Records START

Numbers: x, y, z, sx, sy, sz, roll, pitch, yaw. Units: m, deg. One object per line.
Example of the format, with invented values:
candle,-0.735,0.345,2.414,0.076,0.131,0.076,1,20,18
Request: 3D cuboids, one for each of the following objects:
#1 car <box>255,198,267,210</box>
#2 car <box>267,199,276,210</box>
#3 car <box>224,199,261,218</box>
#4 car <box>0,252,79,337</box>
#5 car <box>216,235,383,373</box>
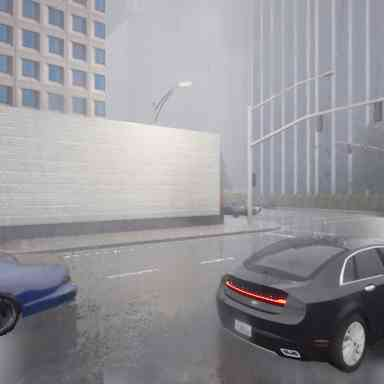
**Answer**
car,5.157,1.547,35.390,2.128,1.511,4.902,0,0,-36
car,8.550,1.560,43.123,1.837,1.490,4.892,0,0,-36
car,3.593,1.603,31.559,2.033,1.411,5.357,0,0,-36
car,-4.590,1.547,5.017,5.357,1.411,2.033,0,0,-35
car,2.640,1.505,5.680,4.892,1.490,1.837,0,0,-35
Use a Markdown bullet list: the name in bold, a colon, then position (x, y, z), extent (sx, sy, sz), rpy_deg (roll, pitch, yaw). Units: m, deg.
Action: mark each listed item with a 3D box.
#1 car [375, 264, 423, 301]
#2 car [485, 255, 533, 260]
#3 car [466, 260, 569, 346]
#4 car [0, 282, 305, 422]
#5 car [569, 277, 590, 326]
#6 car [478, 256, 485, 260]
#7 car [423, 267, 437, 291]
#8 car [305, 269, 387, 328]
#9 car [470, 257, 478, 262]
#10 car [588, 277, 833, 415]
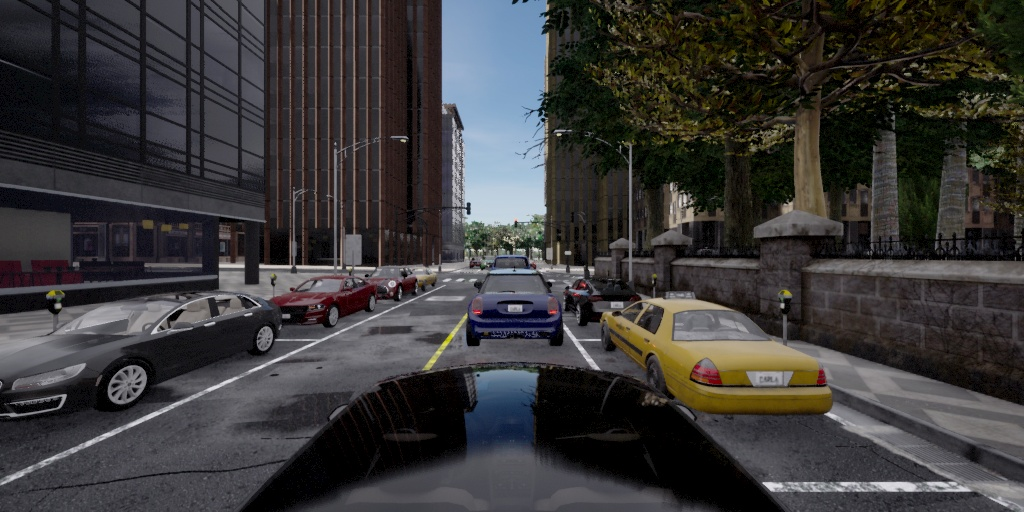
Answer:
- **car**: position (-5.797, 1.190, 16.873), extent (1.967, 1.591, 4.097), rpy_deg (0, 0, 0)
- **car**: position (-0.034, 0.973, 18.973), extent (2.150, 2.045, 5.566), rpy_deg (0, 0, 0)
- **car**: position (0.036, 1.102, 9.539), extent (2.097, 1.767, 4.553), rpy_deg (0, 0, -1)
- **car**: position (-5.772, 1.301, 5.959), extent (2.007, 1.370, 4.403), rpy_deg (0, 0, 0)
- **car**: position (2.740, 1.316, 11.437), extent (1.948, 1.339, 4.313), rpy_deg (0, 0, 0)
- **car**: position (-3.214, 0.982, 51.214), extent (2.150, 2.045, 5.566), rpy_deg (0, 0, -1)
- **car**: position (-5.809, 1.277, 22.160), extent (1.751, 1.417, 4.829), rpy_deg (0, 0, 0)
- **car**: position (-5.785, 1.295, 11.416), extent (1.888, 1.381, 4.507), rpy_deg (0, 0, 0)
- **car**: position (-5.894, 1.079, 59.738), extent (2.192, 1.841, 5.009), rpy_deg (0, 0, 0)
- **car**: position (2.752, 1.275, 6.151), extent (1.751, 1.417, 4.829), rpy_deg (0, 0, 0)

Records END

What the task asks
Say how many lines of the entries above include the word "with", giving the number alone.

Solution for this task
2